(Information supplied begins)

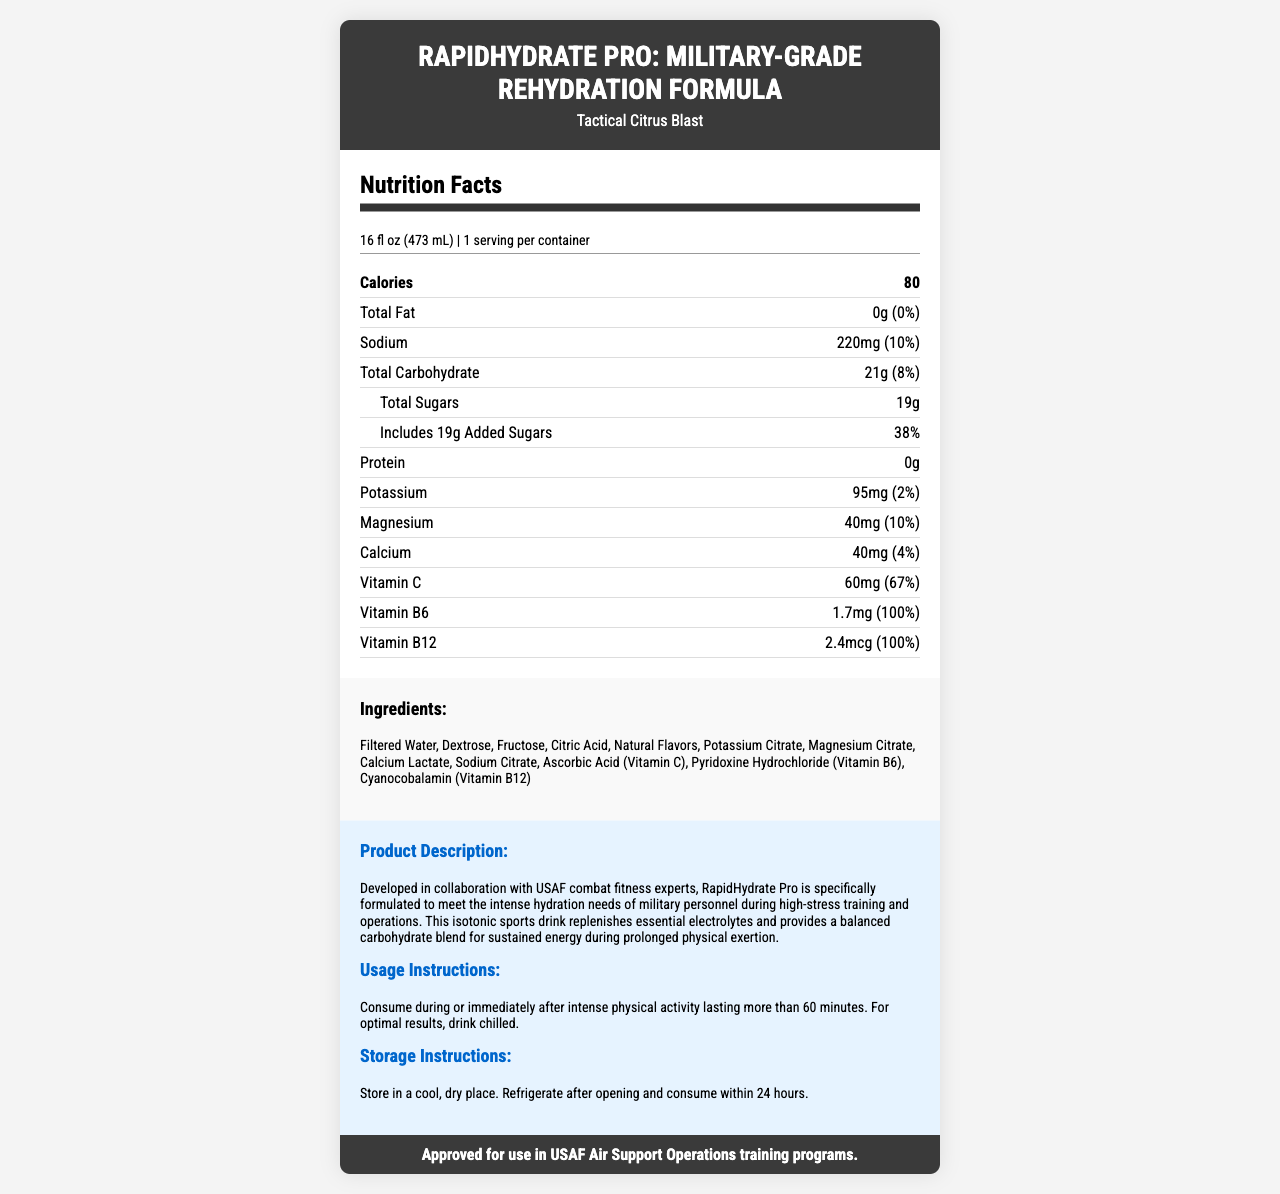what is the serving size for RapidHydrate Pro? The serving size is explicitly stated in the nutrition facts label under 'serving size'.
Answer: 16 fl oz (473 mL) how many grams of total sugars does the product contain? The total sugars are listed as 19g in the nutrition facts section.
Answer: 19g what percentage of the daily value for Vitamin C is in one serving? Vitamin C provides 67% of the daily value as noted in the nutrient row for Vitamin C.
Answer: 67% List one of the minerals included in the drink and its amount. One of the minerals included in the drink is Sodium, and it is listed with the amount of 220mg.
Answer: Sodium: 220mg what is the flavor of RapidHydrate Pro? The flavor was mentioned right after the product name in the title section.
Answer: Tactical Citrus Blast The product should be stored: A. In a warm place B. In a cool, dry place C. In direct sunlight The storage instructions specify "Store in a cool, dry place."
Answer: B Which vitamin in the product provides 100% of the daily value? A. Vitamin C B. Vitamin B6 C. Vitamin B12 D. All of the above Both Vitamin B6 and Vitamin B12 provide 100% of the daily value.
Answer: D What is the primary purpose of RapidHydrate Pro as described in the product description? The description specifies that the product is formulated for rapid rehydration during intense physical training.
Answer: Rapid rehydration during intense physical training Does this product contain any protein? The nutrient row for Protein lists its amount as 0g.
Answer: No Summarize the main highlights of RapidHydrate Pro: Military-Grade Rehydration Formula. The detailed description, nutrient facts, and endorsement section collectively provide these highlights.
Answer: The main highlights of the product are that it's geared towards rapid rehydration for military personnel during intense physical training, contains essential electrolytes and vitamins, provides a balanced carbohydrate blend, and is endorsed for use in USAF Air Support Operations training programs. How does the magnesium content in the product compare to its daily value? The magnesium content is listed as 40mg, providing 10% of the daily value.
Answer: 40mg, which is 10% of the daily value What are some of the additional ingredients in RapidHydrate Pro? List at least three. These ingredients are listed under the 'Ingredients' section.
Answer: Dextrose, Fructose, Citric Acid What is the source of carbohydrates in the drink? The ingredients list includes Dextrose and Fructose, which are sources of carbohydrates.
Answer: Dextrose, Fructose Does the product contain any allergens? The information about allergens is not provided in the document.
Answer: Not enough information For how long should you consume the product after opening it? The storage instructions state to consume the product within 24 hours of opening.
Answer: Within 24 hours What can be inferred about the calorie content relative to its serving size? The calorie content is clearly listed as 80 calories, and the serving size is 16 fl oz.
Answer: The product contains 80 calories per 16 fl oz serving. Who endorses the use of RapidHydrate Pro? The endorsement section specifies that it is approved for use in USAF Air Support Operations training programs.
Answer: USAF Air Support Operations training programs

(Information supplied ends)
(Information supplied begins)

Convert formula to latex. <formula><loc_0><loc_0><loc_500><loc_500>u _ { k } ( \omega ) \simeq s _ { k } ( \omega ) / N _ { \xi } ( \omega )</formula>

(Information supplied ends)

Exercise prompt >> All lines above that include the word "instructions" should be located and copied.

Worked solution >>
Answer: Tactical Citrus Blast The product should be stored: A. In a warm place B. In a cool, dry place C. In direct sunlight The storage instructions specify "Store in a cool, dry place."
Answer: Not enough information For how long should you consume the product after opening it? The storage instructions state to consume the product within 24 hours of opening.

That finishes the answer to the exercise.